### Task objective
Return the following from the records below: each line, word for word, starting with the line that contains "Answer: 108.2 million" and going on through the line that contains "Answer: 5 Which", with nothing outside that range.

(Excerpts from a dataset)
++++++
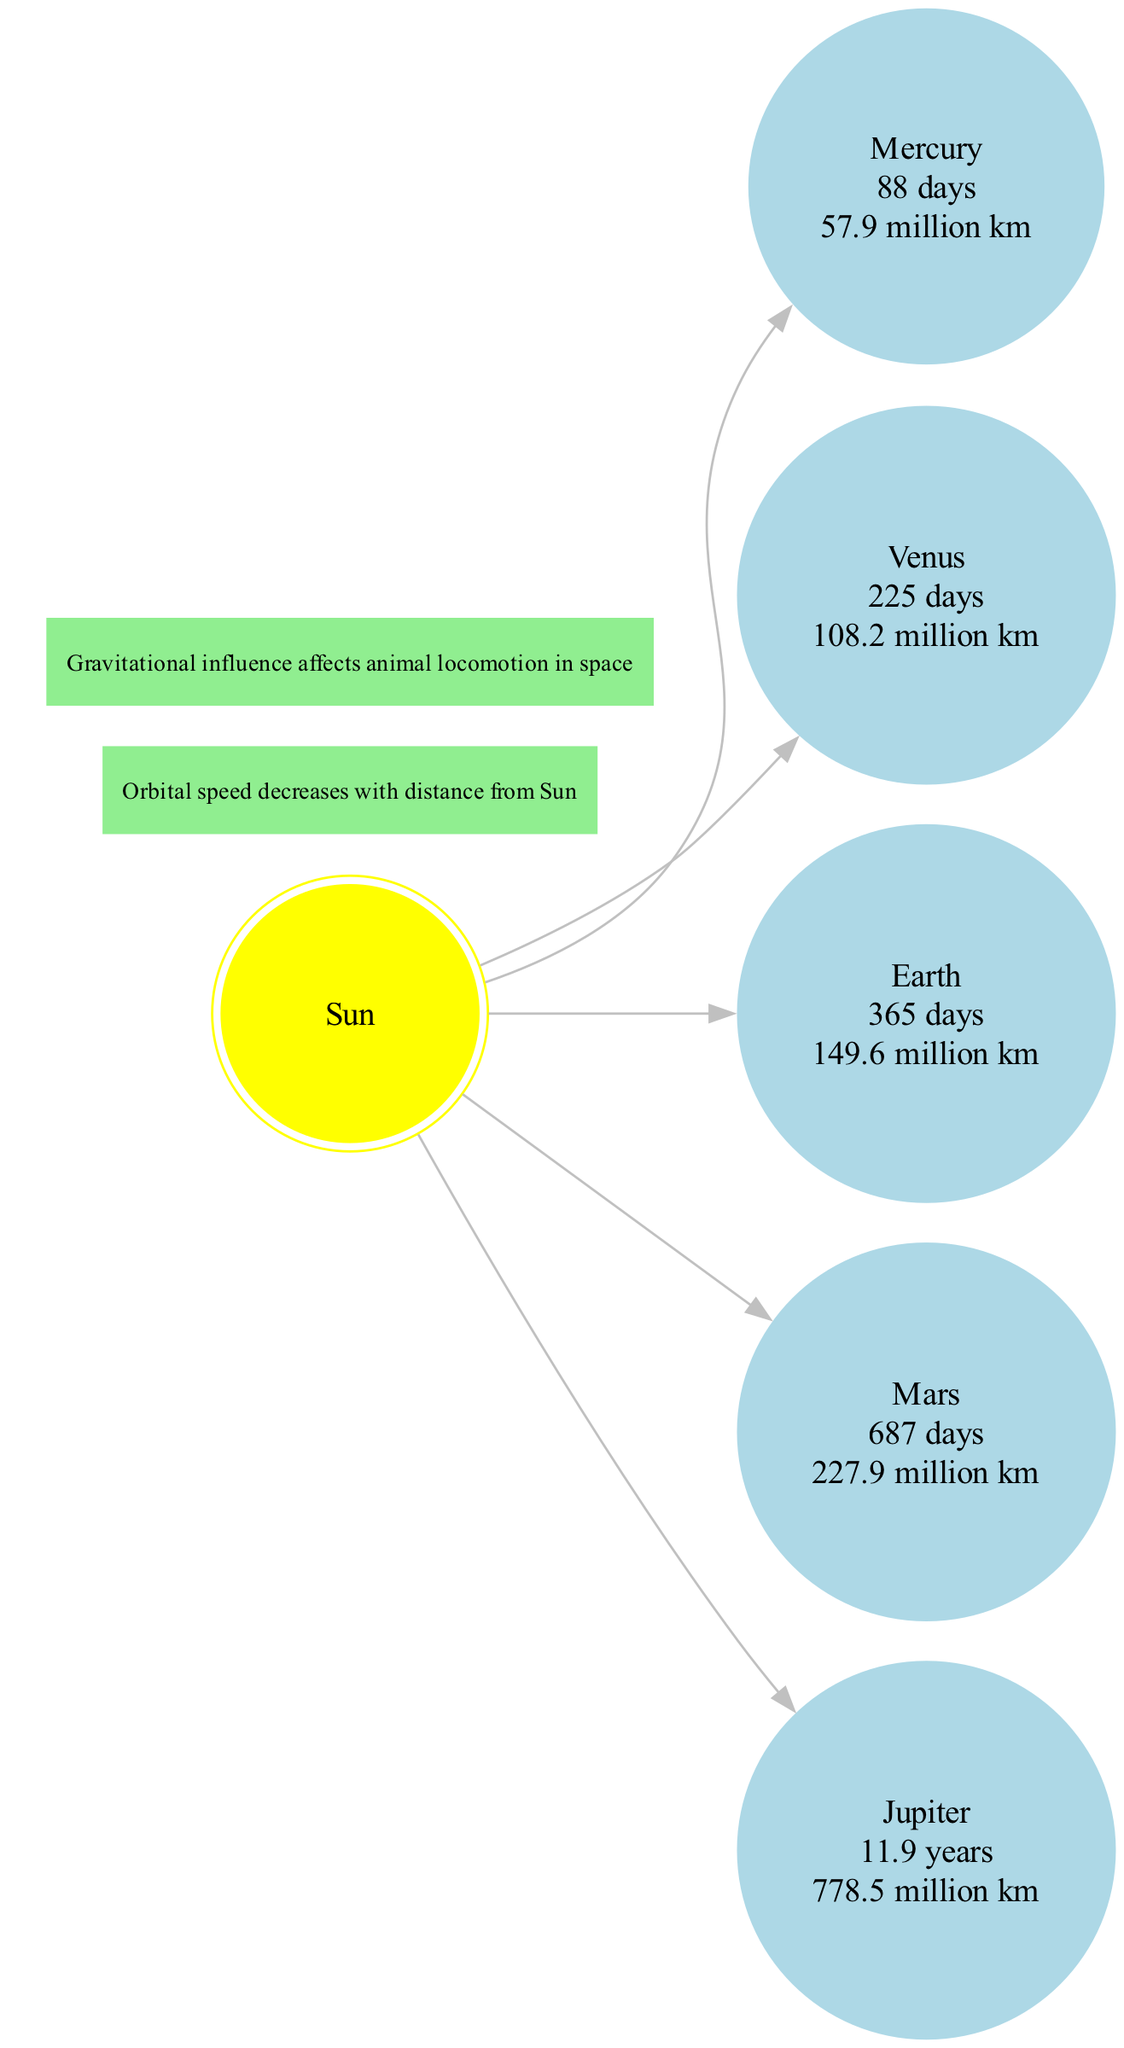What is the orbital period of Mars? The diagram shows the planet Mars and provides detailed information in its node, which includes the orbital period listed as 687 days.
Answer: 687 days Which planet has the longest orbital period? By examining the orbital periods of all planets in the diagram, we find that Jupiter's orbital period is listed as 11.9 years, which is the longest among the planets shown.
Answer: 11.9 years What is the average distance of Venus from the Sun? In the diagram, Venus's node provides the average distance, which is noted as 108.2 million km.
Answer: 108.2 million km How many planets are shown in the diagram? The planets listed in the diagram include Mercury, Venus, Earth, Mars, and Jupiter, which amounts to a total of five planets.
Answer: 5 Which planet has an average distance of 57.9 million km? Looking at the nodes for distance, only Mercury's node provides this exact value, indicating that Mercury is the planet with an average distance of 57.9 million km.
Answer: Mercury What is the relationship between orbital distance and speed? The diagram notes that orbital speed decreases with distance from the Sun, meaning that planets further away from the Sun will have slower orbital speeds.
Answer: Decreases Which planet is closest to the Sun? From the nodes, it is clear that Mercury is the closest planet to the Sun, as it is the first planet listed in terms of distance.
Answer: Mercury How many nodes represent planets in the diagram? The diagram clearly shows five nodes representing the different planets, which can be counted directly.
Answer: 5 What is a significant note regarding gravitational influence? The diagram includes a note stating that gravitational influence affects animal locomotion in space, highlighting the relationship between celestial mechanics and biology.
Answer: Affects animal locomotion in space
++++++
### Your response
Answer: 108.2 million km How many planets are shown in the diagram? The planets listed in the diagram include Mercury, Venus, Earth, Mars, and Jupiter, which amounts to a total of five planets.
Answer: 5 Which planet has an average distance of 57.9 million km? Looking at the nodes for distance, only Mercury's node provides this exact value, indicating that Mercury is the planet with an average distance of 57.9 million km.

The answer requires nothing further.